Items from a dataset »

-*-

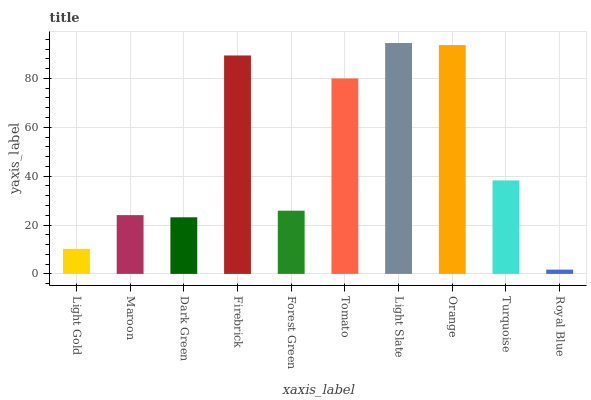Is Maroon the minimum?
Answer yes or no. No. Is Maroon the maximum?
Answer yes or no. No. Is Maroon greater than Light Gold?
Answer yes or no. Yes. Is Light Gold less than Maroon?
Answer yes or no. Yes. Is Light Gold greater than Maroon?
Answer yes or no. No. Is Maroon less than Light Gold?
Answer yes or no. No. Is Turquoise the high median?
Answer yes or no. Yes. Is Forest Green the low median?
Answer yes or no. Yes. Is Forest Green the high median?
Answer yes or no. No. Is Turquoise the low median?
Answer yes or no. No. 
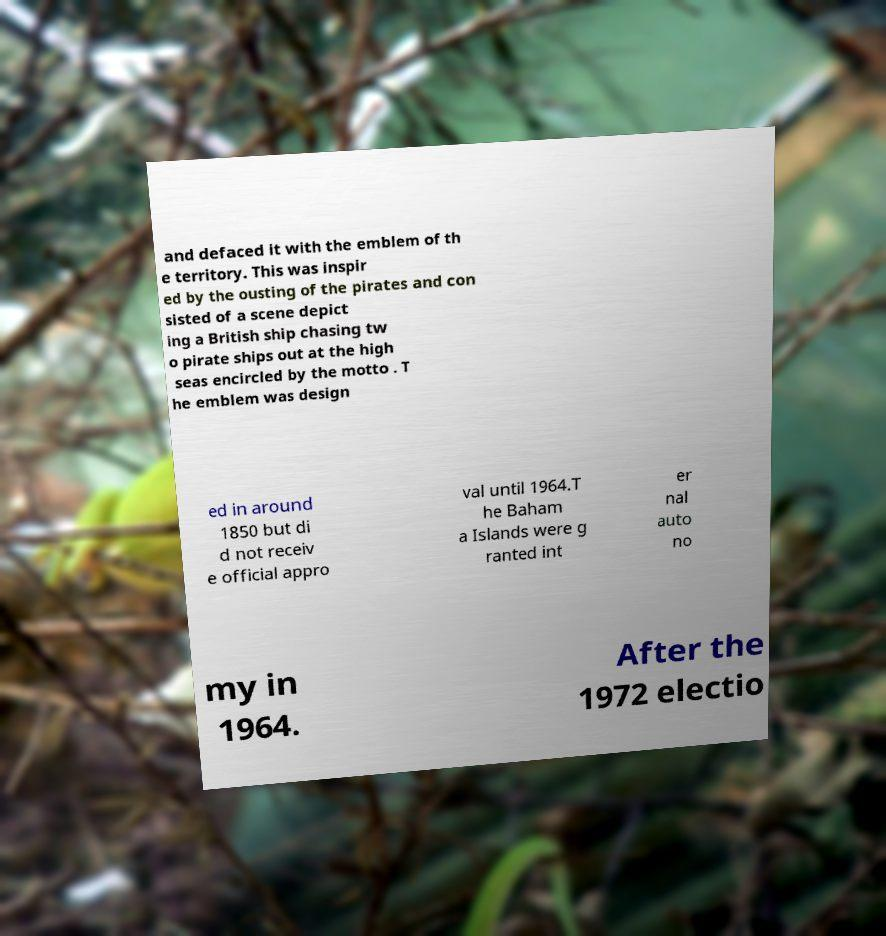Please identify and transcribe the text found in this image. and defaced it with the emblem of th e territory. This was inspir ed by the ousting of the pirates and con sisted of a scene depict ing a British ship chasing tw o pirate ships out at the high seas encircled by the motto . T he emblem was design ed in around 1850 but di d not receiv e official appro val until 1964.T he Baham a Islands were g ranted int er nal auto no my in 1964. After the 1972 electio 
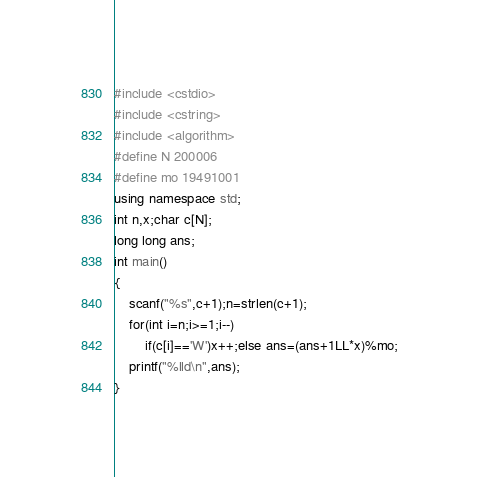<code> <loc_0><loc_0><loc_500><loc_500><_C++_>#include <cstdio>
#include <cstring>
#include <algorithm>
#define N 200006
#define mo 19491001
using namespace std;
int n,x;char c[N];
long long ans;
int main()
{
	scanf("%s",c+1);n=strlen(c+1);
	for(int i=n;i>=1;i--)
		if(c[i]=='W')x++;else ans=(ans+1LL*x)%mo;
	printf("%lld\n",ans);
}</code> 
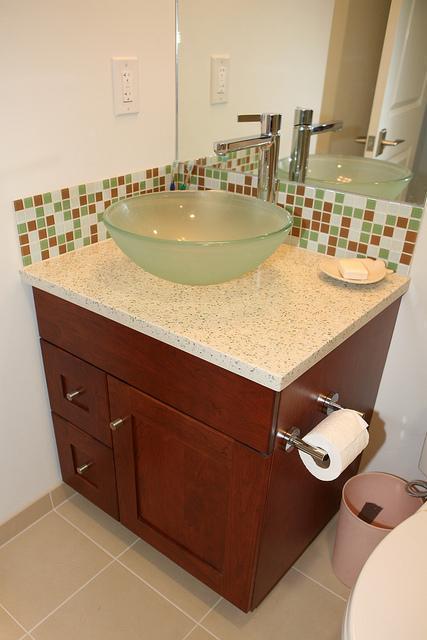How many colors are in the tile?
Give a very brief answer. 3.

-*-

EXERCISE OBJECTIVE »
Give the records again exactly as they stand, so that only the pictures are missing.

RESULT OF THE TASK »
Is Maroon the minimum?
Answer yes or no. No. Is Maroon the maximum?
Answer yes or no. No. Is Maroon greater than Light Gold?
Answer yes or no. Yes. Is Light Gold less than Maroon?
Answer yes or no. Yes. Is Light Gold greater than Maroon?
Answer yes or no. No. Is Maroon less than Light Gold?
Answer yes or no. No. Is Turquoise the high median?
Answer yes or no. Yes. Is Forest Green the low median?
Answer yes or no. Yes. Is Forest Green the high median?
Answer yes or no. No. Is Turquoise the low median?
Answer yes or no. No. 
Please identify and transcribe the text found in this image. and defaced it with the emblem of th e territory. This was inspir ed by the ousting of the pirates and con sisted of a scene depict ing a British ship chasing tw o pirate ships out at the high seas encircled by the motto . T he emblem was design ed in around 1850 but di d not receiv e official appro val until 1964.T he Baham a Islands were g ranted int er nal auto no my in 1964. After the 1972 electio 
<code> <loc_0><loc_0><loc_500><loc_500><_C++_>#include <cstdio>
#include <cstring>
#include <algorithm>
#define N 200006
#define mo 19491001
using namespace std;
int n,x;char c[N];
long long ans;
int main()
{
	scanf("%s",c+1);n=strlen(c+1);
	for(int i=n;i>=1;i--)
		if(c[i]=='W')x++;else ans=(ans+1LL*x)%mo;
	printf("%lld\n",ans);
}</code> 
How many colors are in the tile?
Give a very brief answer. 3.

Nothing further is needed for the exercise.